### [ASSIGNMENT]
If a line in the records below holds the word "greater", copy it.

### [GIVEN INFORMATION]
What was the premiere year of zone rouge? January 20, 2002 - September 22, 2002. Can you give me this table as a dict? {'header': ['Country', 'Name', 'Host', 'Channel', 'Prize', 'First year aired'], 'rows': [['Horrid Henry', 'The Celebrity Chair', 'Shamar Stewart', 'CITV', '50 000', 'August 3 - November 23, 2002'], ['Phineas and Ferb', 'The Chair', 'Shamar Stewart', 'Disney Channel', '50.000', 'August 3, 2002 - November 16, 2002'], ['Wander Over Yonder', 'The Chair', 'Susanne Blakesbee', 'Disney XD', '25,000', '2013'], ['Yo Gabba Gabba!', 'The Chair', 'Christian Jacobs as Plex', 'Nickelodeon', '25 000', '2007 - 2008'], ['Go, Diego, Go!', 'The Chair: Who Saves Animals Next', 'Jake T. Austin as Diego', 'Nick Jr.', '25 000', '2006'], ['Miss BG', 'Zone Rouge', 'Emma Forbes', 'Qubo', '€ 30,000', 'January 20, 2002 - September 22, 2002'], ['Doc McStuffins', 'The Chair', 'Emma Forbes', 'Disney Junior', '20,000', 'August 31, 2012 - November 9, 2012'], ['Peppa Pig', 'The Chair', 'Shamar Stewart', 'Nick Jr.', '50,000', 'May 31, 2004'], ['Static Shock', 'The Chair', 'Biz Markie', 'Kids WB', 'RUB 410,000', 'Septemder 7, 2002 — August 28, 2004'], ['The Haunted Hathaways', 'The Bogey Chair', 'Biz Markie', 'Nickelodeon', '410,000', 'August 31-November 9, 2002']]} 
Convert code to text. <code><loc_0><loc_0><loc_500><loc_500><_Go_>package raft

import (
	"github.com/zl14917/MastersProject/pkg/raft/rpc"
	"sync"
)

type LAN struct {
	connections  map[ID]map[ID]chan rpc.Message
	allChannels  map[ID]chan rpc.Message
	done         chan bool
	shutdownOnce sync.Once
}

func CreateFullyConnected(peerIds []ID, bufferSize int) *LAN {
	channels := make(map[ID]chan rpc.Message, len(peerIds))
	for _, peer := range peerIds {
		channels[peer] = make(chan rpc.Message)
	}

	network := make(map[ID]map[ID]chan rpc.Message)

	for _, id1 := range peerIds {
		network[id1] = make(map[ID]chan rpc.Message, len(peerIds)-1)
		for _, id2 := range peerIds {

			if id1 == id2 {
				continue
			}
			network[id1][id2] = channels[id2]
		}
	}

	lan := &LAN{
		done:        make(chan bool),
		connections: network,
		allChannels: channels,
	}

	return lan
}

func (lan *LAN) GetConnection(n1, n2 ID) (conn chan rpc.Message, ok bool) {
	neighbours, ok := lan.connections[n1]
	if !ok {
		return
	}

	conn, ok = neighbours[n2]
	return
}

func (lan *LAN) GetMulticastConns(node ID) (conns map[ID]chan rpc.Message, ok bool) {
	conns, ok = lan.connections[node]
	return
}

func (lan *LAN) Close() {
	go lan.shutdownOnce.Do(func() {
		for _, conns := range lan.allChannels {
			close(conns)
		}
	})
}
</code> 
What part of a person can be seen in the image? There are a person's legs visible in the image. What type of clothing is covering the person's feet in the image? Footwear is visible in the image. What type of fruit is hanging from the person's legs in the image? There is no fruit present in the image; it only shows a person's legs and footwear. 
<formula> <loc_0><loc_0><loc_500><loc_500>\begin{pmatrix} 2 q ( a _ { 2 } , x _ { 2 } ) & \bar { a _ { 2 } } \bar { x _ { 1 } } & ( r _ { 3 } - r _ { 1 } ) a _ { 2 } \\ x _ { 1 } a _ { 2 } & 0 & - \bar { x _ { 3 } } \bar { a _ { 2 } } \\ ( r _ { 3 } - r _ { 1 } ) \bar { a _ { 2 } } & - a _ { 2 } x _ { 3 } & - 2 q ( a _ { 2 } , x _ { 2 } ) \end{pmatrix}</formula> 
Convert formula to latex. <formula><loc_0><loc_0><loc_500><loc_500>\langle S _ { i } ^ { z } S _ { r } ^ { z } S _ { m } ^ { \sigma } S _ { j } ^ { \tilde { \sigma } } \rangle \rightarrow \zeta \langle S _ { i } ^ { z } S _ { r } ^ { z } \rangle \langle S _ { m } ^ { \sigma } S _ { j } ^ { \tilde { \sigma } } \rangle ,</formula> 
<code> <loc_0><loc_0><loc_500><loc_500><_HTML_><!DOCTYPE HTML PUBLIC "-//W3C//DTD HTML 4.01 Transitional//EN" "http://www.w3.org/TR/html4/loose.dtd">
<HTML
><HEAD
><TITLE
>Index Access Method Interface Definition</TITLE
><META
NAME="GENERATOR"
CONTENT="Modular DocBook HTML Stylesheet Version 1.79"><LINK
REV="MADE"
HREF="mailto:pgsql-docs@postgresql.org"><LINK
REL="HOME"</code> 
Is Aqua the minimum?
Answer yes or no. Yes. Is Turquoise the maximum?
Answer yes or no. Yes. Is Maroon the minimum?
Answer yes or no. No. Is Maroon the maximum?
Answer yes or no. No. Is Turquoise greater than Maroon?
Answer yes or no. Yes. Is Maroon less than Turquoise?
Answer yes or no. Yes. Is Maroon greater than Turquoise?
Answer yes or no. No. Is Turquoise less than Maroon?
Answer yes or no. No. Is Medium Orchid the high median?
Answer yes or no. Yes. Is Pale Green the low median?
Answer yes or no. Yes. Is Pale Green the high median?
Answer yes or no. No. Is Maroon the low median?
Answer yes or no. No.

### [RESPONSE]
Answer yes or no. No. Is Turquoise greater than Maroon?
Answer yes or no. Yes. Is Maroon greater than Turquoise?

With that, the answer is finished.